'''
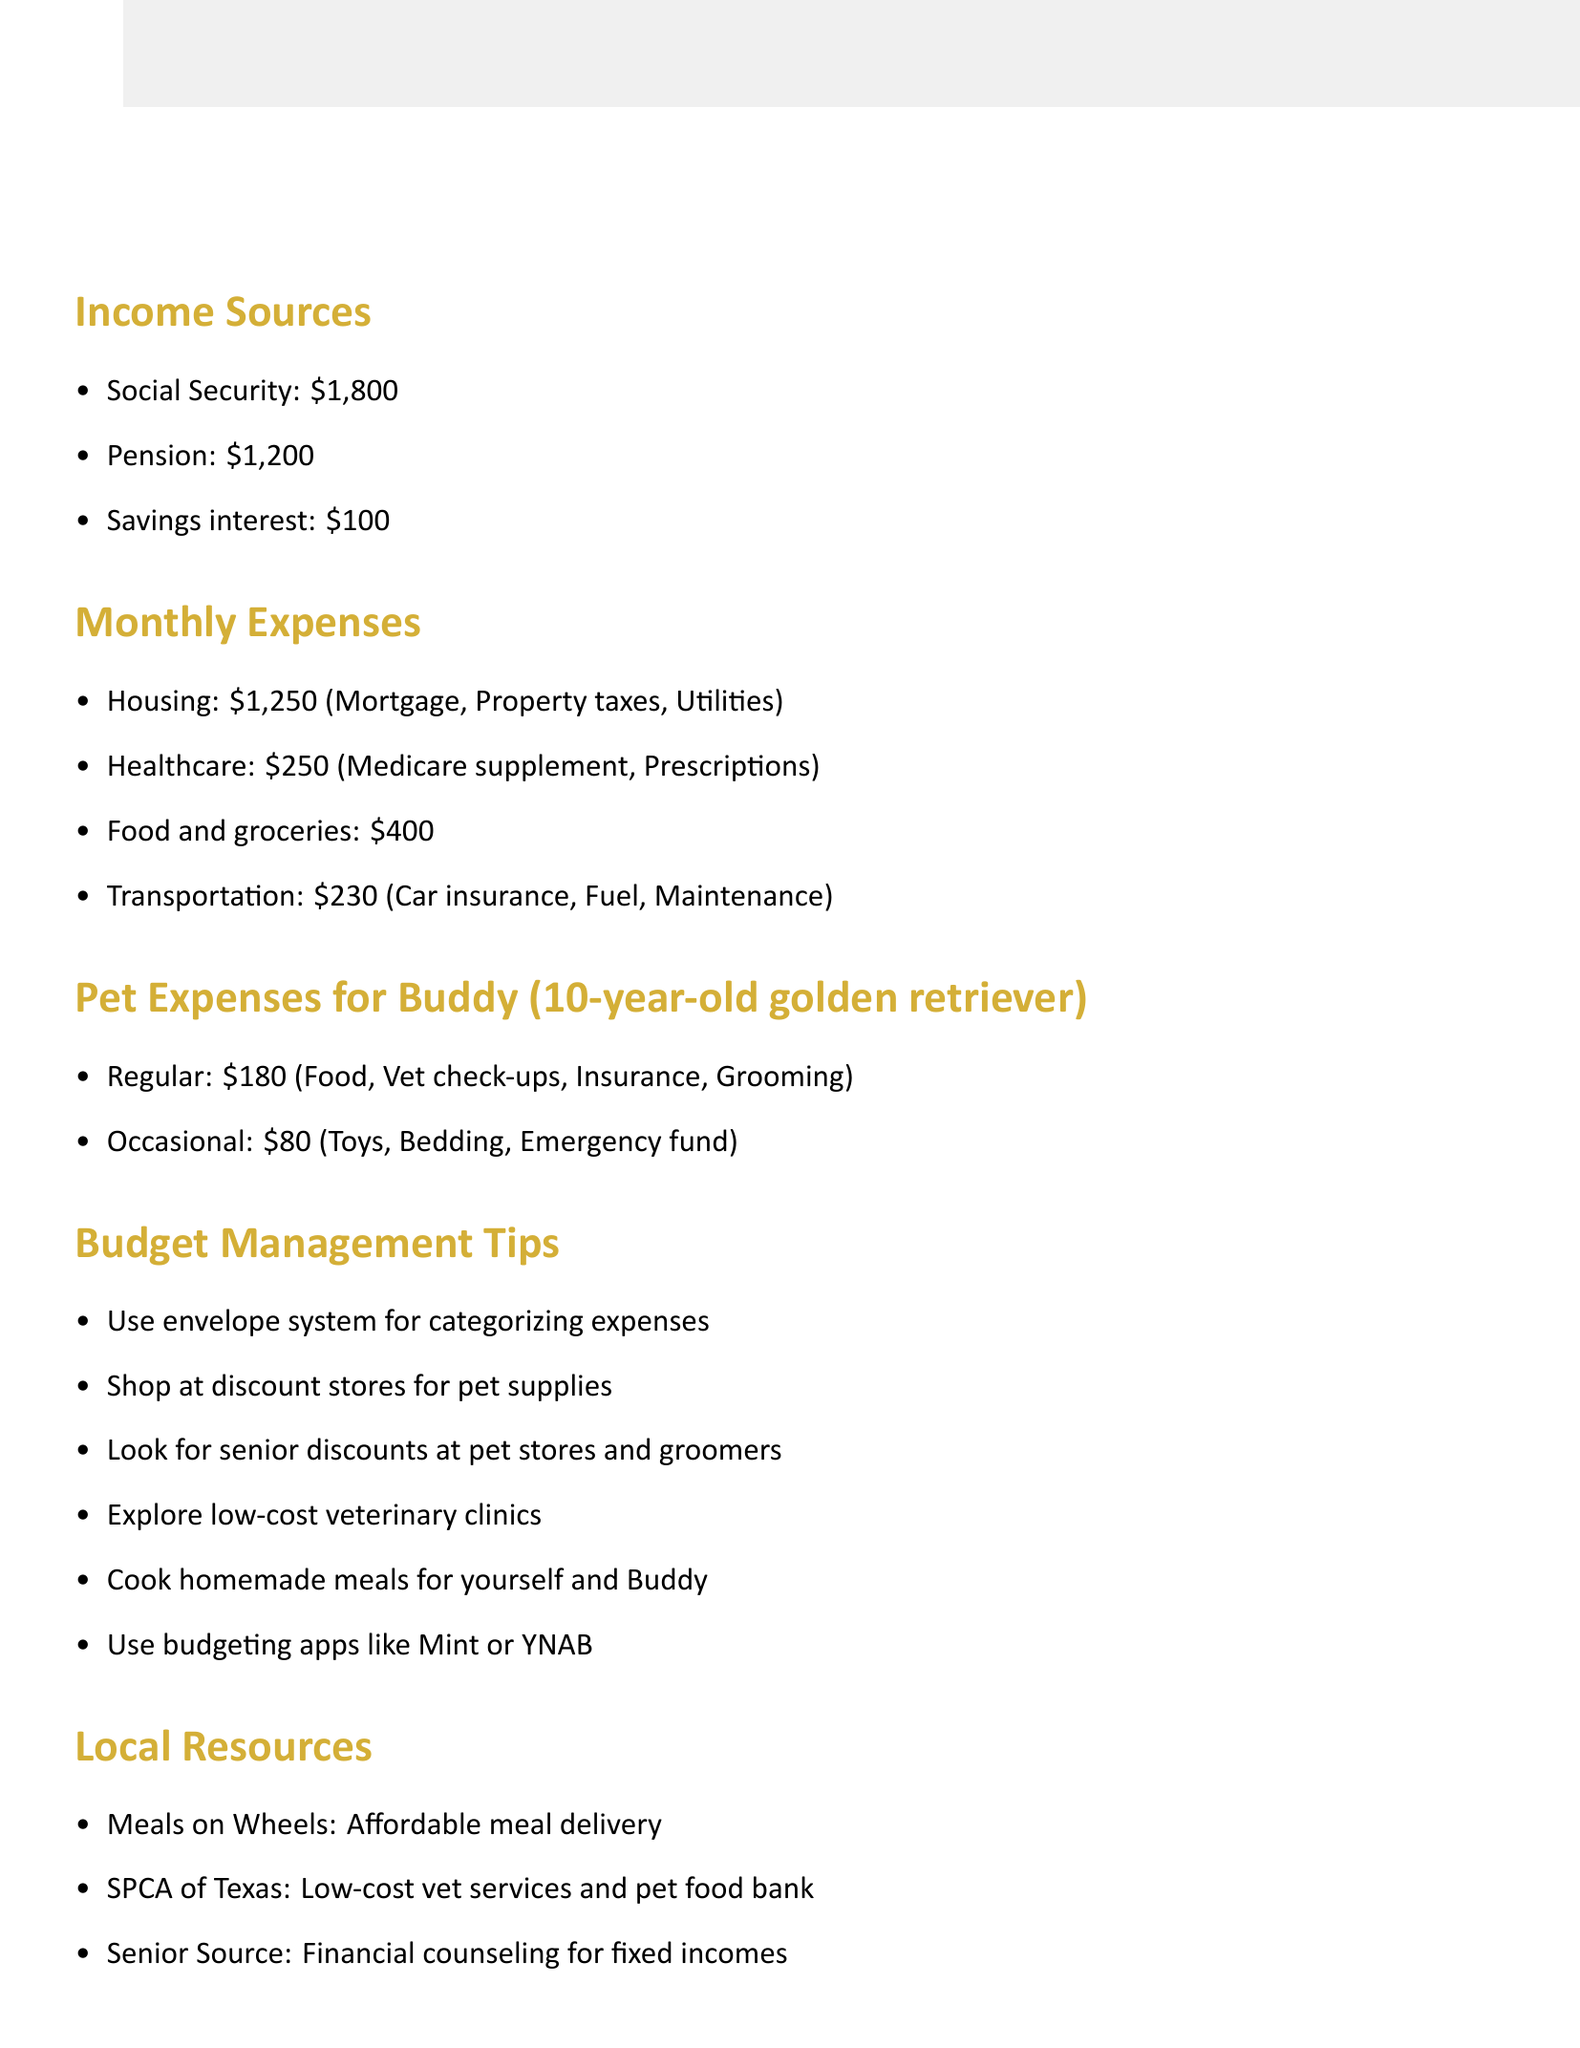what is the total amount from Social Security? The document lists Social Security as providing an income of $1,800.
Answer: $1,800 how much are monthly healthcare expenses? The document shows that healthcare expenses total $250.
Answer: $250 what is the total amount for Buddy's regular pet expenses? The regular pet expenses are detailed in the document and total $180.
Answer: $180 what type of pet does Harold have? The document states that Harold has a golden retriever named Buddy.
Answer: golden retriever which resource provides meal delivery for seniors? The document mentions Meals on Wheels as a resource for affordable meal delivery.
Answer: Meals on Wheels how much is the total fixed income Harold receives monthly? The total fixed income is the sum of Social Security, Pension, and Savings interest, which is $1,800 + $1,200 + $100 = $3,100.
Answer: $3,100 what is one of the budget management tips mentioned? The document suggests using an envelope system for categorizing expenses as one of the tips.
Answer: use envelope system how much is set aside for emergencies in pet expenses? The occasional expenses for unexpected vet bills are specified as $50 in the document.
Answer: $50 what is a future consideration for Harold? One future consideration mentioned is to plan for potential increases in healthcare costs.
Answer: plan for potential increases in healthcare costs
'''
▶ [TASK DIRECTIONS] Print every record exactly, without the pictures.

▶ [EXERCISE OUTPUT]
what is the total amount from Social Security? The document lists Social Security as providing an income of $1,800.
Answer: $1,800 how much are monthly healthcare expenses? The document shows that healthcare expenses total $250.
Answer: $250 what is the total amount for Buddy's regular pet expenses? The regular pet expenses are detailed in the document and total $180.
Answer: $180 what type of pet does Harold have? The document states that Harold has a golden retriever named Buddy.
Answer: golden retriever which resource provides meal delivery for seniors? The document mentions Meals on Wheels as a resource for affordable meal delivery.
Answer: Meals on Wheels how much is the total fixed income Harold receives monthly? The total fixed income is the sum of Social Security, Pension, and Savings interest, which is $1,800 + $1,200 + $100 = $3,100.
Answer: $3,100 what is one of the budget management tips mentioned? The document suggests using an envelope system for categorizing expenses as one of the tips.
Answer: use envelope system how much is set aside for emergencies in pet expenses? The occasional expenses for unexpected vet bills are specified as $50 in the document.
Answer: $50 what is a future consideration for Harold? One future consideration mentioned is to plan for potential increases in healthcare costs.
Answer: plan for potential increases in healthcare costs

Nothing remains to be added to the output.